Akumulasi dari beberapa compatible solute seperti gula, betain dan proline
yang mengatur potensial osmotik sel merupakan reaksi awal tanaman pada saat
mengalami cekaman kekeringan (Tatar dan Gevrek, 2008). Compatible solute
berperan penting dalam toleran kekeringan, karena dapat melindungi tanaman dari
stres melalui mekanisme berbeda termasuk pengaturan osmotik selular,
detoksifikasi ROS, melindungi integritas membran dan penstabil protein enzim
(Ashraf dan Foolad, 2007).
Menurut Volaire dan Thomas (1995) pada perlakuan cekaman kekeringan,
total gula terlarut (water soluble carbohydrate) meningkat dari 10%-30% pada
hari ke 43. Beberapa tanaman sub-tropis, termasuk Wheat (Triticum sp)
menyimpan kelebihan carbon dalam bentuk water soluble carbohydrate (WSC),
terutama mengandung fructo-oligosakarida (fruktan) seperti sukrosa dan heksosa
(Ruuska et al., 2006). Karena kandungannya dalam jumlah banyak dan secara
cepat dapat dimobilisasi, WSC diimplikasikan sebagai sumber karbon dominan
untuk mobilisasi pada grains, terutama ketika fotosintesis aktif yang terhambat
akibat cekaman kekeringan pada sereal (Foulkes et al., 2007).
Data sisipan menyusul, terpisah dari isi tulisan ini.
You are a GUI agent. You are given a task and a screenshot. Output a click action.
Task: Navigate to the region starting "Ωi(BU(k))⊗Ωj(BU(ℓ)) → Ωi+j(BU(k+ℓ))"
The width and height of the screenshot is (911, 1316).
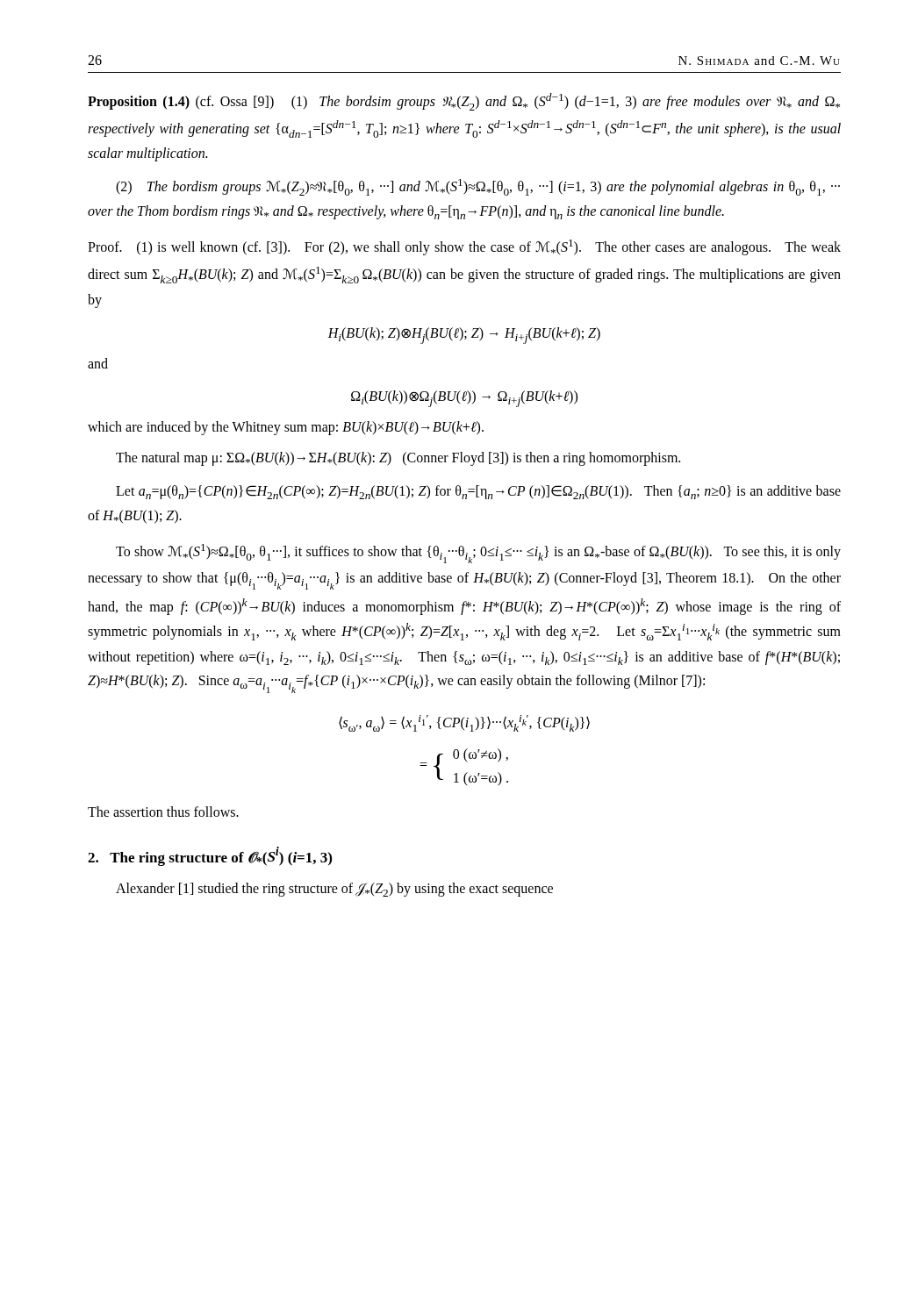464,398

Beberapa hasil penelitian menujukkan bahwa perlakuan kekeringan
meningkatkan akumulasi prolin pada berbagai jenis tanaman seperti: gandum
(Chorfi dan Taibi, 2011; Moaveni, 2011), padi (Mostajeran dan Eichi, 2009;
Pirdashti et al., 2009), jagung (Effendi, 2009), temulawak (Khaerana et al., 2008),

Bentgrass (Da Costa dan Huang, 2006), tembakau (Yue et al., 2011) dan kedelai
(Hapsoh et al., 2006). Peningkatan akumulasi prolin pada tanaman yang terkena
cekaman merupakan parameter yang bagus untuk mengetahui ketahanan tanaman
terhadap cekaman kekeringan. Pada tanaman Oryza sativa yang mengalami
cekaman kekeringan, terjadi degradasi protein dan konsekuensinya adalah
peningkatan kandungan prolin dan penurunan kandungan protein pada daun (Roy
et al., 2009). Kondisi cekaman kekeringan meningkatkan konsentrasi beberapa
jenis asam amino, jumlah prolin bebas adalah sekitar 60% dari seluruh asam
amino yang terakumulasi (Yamada et al., 2005).